Aerodynamic Instability of Sportscars at Abnormal Yaw Angles

New research commissioned by the FIA has revealed that the current design of cars running under sportscar and ‘sport prototype’ regulations exhibit characteristics that can cause them to leave the ground and possibly invert, when they run at yaw angles greater than approximately 30 degrees, even at speeds well below their maximum. 

Exceeding the critical yaw attitude is only likely if a driver has lost control of a car. Adverse pitch and roll attitudes, resulting from mechanical failure or external disturbance, accentuate these characteristics and lower the speed at which take off can occur. 

When a car leaves the ground, it is unable to engage effectively with the circuit safety features such as run-off areas and barriers. If a car lands inverted, the safety of the driver depends on the ability of the roll-over protection to withstand the forces involved. 

Further research is being conducted in order to reduce or eliminate this phenomenon. Pending the outcome of this research and possible new technical regulations, the FIA recommends that all competitors and organisers involved with sportscar, ‘sport prototype’ and similar competition cars take the following minimum precautions. 

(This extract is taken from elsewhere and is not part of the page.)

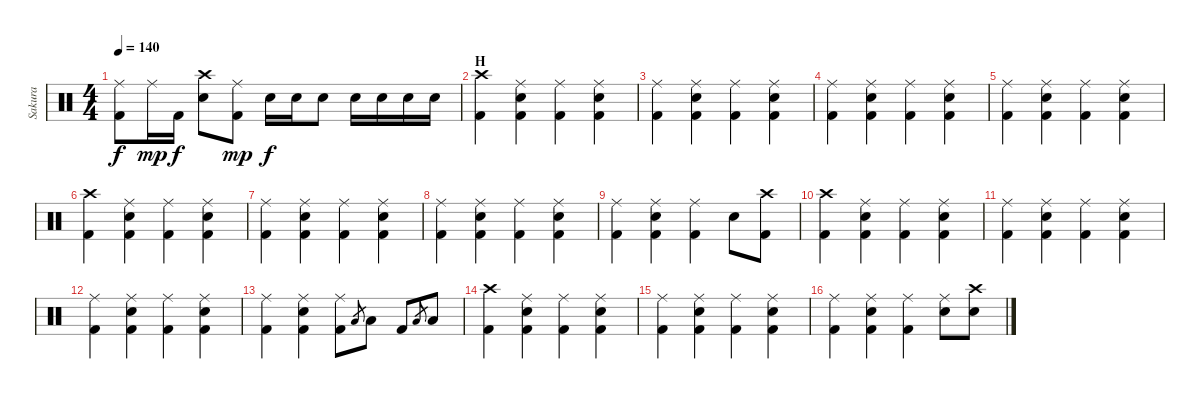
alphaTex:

1. Organisers should ensure that all spectators are sufficiently far from the circuit at any given point to be in no danger from an airborne car, having regard to the speeds of the cars at the relevant part of the circuit. 

2. In collaboration with the constructors of their cars, competitors should reinforce the car’s roll-over structure so that it least meets the latest proposals which have been issued as a draft regulation for 1.1.2003. 

3. Organisers should ensure that all marshals and other race personnel working in close proximity to cars traveling at speeds greater than 150 kph are suitably protected. 

4. Organisers should take measures to slow the cars at any part of a circuit which would be particularly dangerous for competitors, track workers or members of the public in the event of a car becoming airborne.

Editors’ Note:

Sportscars normally run at yaw angles of less than ±10º. The yaw angle is the angle of the airflow relative to the heading (direction of travel) of the car. The problem that has been identified occurs once the driver has lost control of the car and starts to spin. It is different to the problem experienced by Mercedes at Le Mans in 1999, in which the cars took-off while running under normal conditions. Following those incidents, the FIA instigated circuit modifications and made changes to the Sportscar Technical Regulations. The 1999 problem has not reoccurred.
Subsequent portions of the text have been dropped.